Xu Shouping, Kong Dejia, Chen Qianlin, Ping Yanyan, Pang Da
Department of Breast Surgery, Harbin Medical University Cancer Hospital, 150 Haping Road, Harbin, 150081, China.
College of Bioinformatics Science and Technology, Harbin Medical University, Harbin, China.
Mol Cancer. 2017 Jul 24;16(1):129. doi: 10.1186/s12943-017-0696-6.
Few long noncoding RNAs (lncRNAs) that act as oncogenic genes in breast cancer have been identified.
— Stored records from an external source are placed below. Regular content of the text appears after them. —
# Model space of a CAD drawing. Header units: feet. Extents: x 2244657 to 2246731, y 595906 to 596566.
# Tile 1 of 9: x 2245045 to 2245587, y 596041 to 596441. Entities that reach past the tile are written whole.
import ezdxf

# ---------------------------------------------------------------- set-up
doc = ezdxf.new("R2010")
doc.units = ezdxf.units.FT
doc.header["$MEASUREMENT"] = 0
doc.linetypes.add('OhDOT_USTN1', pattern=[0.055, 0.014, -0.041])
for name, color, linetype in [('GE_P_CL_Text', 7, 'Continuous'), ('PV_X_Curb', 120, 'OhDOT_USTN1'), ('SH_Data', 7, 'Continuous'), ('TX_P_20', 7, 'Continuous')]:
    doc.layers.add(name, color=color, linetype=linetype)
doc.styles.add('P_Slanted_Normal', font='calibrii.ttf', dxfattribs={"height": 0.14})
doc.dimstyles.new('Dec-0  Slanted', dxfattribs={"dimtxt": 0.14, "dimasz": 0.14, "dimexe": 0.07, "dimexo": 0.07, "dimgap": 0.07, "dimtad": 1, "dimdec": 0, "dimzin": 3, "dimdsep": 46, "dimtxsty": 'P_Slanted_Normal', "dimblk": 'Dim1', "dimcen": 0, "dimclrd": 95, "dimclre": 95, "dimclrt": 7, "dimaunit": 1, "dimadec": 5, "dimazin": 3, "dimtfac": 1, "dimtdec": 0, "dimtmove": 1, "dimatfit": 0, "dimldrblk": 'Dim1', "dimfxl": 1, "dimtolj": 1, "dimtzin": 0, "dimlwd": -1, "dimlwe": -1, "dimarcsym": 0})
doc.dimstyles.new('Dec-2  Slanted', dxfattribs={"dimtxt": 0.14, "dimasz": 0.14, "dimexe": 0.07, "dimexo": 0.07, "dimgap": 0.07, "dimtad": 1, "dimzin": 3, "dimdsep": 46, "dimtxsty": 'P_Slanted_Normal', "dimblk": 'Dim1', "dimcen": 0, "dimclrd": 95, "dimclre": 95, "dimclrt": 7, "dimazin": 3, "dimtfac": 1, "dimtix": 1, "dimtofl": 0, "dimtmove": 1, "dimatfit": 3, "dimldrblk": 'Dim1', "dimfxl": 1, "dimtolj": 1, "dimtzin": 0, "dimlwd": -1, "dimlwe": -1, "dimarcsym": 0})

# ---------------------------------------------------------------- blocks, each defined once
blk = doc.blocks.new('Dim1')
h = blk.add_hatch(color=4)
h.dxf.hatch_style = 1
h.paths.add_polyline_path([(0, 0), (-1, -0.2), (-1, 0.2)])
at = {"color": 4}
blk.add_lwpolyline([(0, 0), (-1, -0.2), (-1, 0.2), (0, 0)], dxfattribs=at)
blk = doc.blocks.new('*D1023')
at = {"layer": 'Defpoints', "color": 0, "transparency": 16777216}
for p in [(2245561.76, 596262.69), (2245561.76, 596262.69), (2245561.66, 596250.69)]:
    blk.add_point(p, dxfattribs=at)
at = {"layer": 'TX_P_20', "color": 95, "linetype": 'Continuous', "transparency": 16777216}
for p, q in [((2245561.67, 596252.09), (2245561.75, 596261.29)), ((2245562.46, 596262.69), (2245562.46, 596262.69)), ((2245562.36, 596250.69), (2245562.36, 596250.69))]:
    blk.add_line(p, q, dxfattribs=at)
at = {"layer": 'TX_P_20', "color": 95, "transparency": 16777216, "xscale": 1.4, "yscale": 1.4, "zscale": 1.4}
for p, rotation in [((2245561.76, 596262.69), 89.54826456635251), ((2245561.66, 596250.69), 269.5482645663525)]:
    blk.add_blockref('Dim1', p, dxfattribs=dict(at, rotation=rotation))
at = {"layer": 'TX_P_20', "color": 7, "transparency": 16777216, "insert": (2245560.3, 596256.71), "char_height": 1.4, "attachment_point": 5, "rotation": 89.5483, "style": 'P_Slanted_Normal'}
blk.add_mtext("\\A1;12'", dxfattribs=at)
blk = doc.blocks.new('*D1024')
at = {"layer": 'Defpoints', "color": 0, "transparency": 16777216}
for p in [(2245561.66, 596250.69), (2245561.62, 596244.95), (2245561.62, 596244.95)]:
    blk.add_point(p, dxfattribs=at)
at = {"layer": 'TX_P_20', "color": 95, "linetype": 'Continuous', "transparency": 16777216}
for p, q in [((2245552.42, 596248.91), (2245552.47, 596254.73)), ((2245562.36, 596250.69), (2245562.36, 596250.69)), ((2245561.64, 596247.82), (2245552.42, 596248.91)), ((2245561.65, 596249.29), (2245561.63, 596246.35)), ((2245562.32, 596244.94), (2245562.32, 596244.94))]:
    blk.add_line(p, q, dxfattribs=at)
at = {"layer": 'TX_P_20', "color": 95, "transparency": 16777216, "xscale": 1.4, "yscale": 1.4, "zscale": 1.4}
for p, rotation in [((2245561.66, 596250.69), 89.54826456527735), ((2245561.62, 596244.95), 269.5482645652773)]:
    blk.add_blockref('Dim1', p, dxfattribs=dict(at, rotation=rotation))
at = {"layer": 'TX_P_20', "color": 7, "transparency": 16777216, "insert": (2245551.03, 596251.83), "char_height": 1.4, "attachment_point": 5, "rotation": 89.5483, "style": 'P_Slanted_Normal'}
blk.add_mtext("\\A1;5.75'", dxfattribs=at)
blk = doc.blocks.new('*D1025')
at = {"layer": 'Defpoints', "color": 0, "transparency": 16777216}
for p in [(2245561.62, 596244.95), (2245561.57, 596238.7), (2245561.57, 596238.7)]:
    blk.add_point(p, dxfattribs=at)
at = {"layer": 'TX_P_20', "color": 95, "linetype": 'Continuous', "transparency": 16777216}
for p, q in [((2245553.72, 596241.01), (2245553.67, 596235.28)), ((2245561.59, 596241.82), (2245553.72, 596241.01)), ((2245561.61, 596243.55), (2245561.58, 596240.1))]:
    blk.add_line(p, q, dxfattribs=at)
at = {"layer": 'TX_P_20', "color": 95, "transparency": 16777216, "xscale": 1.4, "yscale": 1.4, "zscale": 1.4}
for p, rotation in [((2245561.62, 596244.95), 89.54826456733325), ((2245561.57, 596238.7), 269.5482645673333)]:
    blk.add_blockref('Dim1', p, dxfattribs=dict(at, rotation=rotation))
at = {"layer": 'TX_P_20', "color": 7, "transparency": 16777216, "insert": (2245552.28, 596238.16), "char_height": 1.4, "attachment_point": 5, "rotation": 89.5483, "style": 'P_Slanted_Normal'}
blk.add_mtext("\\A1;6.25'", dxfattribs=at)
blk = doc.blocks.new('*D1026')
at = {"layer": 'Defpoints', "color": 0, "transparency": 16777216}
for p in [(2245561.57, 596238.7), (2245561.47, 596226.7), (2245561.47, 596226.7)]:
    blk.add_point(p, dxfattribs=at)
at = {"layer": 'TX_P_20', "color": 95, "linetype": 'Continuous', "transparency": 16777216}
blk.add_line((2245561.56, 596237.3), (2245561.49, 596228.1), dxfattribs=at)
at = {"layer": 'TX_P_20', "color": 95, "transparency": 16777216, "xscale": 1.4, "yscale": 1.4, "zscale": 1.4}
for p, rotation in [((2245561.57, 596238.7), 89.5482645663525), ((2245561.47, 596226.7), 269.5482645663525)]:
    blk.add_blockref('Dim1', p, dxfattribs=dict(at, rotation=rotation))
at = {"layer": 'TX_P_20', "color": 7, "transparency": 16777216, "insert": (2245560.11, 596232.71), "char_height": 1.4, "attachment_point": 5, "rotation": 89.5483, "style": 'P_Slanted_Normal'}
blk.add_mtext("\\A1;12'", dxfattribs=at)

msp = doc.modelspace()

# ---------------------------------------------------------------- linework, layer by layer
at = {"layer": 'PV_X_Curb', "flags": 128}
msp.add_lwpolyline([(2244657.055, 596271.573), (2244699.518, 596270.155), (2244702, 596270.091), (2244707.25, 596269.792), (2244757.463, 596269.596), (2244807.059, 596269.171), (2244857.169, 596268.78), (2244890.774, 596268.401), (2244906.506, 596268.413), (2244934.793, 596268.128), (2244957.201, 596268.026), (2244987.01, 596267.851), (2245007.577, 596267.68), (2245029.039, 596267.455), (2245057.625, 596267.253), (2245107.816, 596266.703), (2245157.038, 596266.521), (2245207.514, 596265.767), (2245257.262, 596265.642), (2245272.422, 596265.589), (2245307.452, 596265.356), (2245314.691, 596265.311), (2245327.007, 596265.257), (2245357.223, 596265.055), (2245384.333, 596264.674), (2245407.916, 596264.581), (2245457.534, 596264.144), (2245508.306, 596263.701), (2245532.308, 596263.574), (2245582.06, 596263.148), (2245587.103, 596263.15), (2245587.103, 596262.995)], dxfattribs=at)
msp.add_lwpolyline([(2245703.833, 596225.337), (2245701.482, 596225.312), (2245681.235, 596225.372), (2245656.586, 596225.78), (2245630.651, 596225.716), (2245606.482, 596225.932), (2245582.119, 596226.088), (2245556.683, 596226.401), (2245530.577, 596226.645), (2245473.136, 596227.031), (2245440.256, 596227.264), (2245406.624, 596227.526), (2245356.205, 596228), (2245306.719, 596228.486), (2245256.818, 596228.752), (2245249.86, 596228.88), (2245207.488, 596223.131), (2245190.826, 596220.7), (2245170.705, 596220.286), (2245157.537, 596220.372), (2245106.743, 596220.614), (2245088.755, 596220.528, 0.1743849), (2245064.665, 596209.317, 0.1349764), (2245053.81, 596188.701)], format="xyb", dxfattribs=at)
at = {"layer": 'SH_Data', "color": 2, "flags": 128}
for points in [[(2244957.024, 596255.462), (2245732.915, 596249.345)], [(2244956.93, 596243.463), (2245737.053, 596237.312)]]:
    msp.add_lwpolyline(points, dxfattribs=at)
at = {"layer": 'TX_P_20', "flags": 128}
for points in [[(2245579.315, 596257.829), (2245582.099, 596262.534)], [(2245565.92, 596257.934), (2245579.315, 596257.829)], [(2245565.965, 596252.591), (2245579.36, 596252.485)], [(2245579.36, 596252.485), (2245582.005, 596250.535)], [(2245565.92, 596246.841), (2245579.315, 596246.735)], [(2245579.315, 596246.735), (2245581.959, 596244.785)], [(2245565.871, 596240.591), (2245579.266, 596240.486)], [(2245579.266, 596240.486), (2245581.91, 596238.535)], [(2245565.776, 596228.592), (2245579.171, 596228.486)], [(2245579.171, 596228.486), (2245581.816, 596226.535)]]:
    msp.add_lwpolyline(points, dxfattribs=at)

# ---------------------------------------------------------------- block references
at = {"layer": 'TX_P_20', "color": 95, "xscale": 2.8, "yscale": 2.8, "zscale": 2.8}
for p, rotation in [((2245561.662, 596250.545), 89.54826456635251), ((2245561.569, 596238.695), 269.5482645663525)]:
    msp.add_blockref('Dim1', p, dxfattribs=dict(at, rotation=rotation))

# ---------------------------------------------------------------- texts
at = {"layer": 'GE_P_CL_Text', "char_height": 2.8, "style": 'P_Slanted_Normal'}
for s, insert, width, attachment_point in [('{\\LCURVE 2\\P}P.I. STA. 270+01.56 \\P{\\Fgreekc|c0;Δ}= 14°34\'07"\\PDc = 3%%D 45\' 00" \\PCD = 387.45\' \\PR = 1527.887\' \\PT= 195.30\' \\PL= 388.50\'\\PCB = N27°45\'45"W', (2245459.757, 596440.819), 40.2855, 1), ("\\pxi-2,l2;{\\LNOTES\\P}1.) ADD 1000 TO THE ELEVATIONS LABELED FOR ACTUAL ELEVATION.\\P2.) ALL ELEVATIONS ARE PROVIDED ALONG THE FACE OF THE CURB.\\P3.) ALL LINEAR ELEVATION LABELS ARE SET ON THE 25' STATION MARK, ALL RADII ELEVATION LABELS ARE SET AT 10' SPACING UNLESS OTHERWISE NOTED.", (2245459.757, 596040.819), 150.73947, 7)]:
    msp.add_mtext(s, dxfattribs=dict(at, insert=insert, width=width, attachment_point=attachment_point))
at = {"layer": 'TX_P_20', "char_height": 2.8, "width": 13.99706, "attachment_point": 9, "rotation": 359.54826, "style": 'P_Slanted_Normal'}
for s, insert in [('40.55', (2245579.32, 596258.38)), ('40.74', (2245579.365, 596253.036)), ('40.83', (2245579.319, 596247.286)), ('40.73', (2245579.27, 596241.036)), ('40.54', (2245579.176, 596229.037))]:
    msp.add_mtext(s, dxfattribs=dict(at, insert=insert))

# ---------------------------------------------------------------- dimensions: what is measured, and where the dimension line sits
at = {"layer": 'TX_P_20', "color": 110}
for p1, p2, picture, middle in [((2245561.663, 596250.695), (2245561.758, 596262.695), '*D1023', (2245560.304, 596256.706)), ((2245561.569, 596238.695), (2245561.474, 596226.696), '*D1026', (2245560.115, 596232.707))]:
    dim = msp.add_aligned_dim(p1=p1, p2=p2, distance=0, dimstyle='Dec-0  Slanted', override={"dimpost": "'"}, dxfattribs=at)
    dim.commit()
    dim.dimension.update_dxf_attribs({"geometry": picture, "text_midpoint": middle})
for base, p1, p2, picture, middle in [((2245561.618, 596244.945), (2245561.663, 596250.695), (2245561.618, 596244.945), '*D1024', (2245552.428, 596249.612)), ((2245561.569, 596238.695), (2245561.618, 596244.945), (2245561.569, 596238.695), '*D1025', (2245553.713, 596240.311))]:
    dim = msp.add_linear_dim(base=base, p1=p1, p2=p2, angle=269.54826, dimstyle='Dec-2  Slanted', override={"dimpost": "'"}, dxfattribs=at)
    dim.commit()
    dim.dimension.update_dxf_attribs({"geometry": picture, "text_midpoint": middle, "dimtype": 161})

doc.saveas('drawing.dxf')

Oncogenic lncRNAs associated with tumourigenesis and worse survival outcomes were examined and validated in Gene Expression Omnibus (GEO) and The Cancer Genome Atlas (TCGA), respectively. Then, the potential biological functions and expression regulation of these lncRNAs were studied via bioinformatics and genome data analysis. Moreover, progressive breast cancer subtype-specific lncRNAs were investigated via high-throughput sequencing in our cohort and TCGA validation. To elucidate the mechanisms of the regulation of these lncRNAs, genomic alterations from the TCGA, Broad, Sanger and BCCRC data, as well as epigenetic modifications from GEO data, were then applied and examined to meet this objective. Finally, cell proliferation assays, flow cytometry analyses and TUNEL assays were applied to validate the oncogenic roles of these lncRNAs in vitro.
A cluster of oncogenic lncRNAs that was upregulated in breast cancer tissue and was associated with worse survival outcomes was identified. These oncogenic lncRNAs are involved in regulating immune system activation and the TGF-beta and Jak-STAT signalling pathways. Moreover, TINCR, LINC00511, and PPP1R26-AS1 were identified as subtype-specific lncRNAs associated with HER-2, triple-negative and luminal B subtypes of breast cancer, respectively. The up-regulation of these oncogenic lncRNAs is mainly caused by gene amplification in the genome in breast cancer and other solid tumours. Finally, the knockdown of TINCR, DSCAM-AS1 or HOTAIR inhibited breast cancer cell proliferation, increased apoptosis and inhibited cell cycle progression in vitro.
These findings enhance the landscape of known oncogenic lncRNAs in breast cancer and provide insights into their roles. This understanding may potentially aid in the comprehensive management of breast cancer.
在乳腺癌中作为致癌基因的长链非编码RNA(lncRNA)鲜有被鉴定出来。
分别在基因表达综合数据库(GEO)和癌症基因组图谱(TCGA)中检测并验证与肿瘤发生及较差生存结果相关的致癌lncRNA。然后,通过生物信息学和基因组数据分析研究这些lncRNA的潜在生物学功能和表达调控。此外,通过高通量测序在我们的队列中及TCGA验证中研究进展期乳腺癌亚型特异性lncRNA。为阐明这些lncRNA的调控机制,随后应用并检查了来自TCGA、布罗德研究所、桑格研究所和卑诗省癌症研究中心(BCCRC)数据的基因组改变以及来自GEO数据的表观遗传修饰以实现这一目标。最后,应用细胞增殖试验、流式细胞术分析和TUNEL试验在体外验证这些lncRNA的致癌作用。
鉴定出一组在乳腺癌组织中上调且与较差生存结果相关的致癌lncRNA。这些致癌lncRNA参与调节免疫系统激活以及TGF-β和Jak-STAT信号通路。此外,TINCR、LINC00511和PPP1R26-AS1分别被鉴定为与乳腺癌的HER-2、三阴性和管腔B亚型相关的亚型特异性lncRNA。这些致癌lncRNA的上调主要由乳腺癌和其他实体瘤基因组中的基因扩增引起。最后,敲低TINCR、DSCAM-AS1或HOTAIR可抑制乳腺癌细胞增殖,增加细胞凋亡并在体外抑制细胞周期进程。
这些发现拓展了乳腺癌中已知致癌lncRNA的格局,并为其作用提供了见解。这种认识可能有助于乳腺癌的综合管理。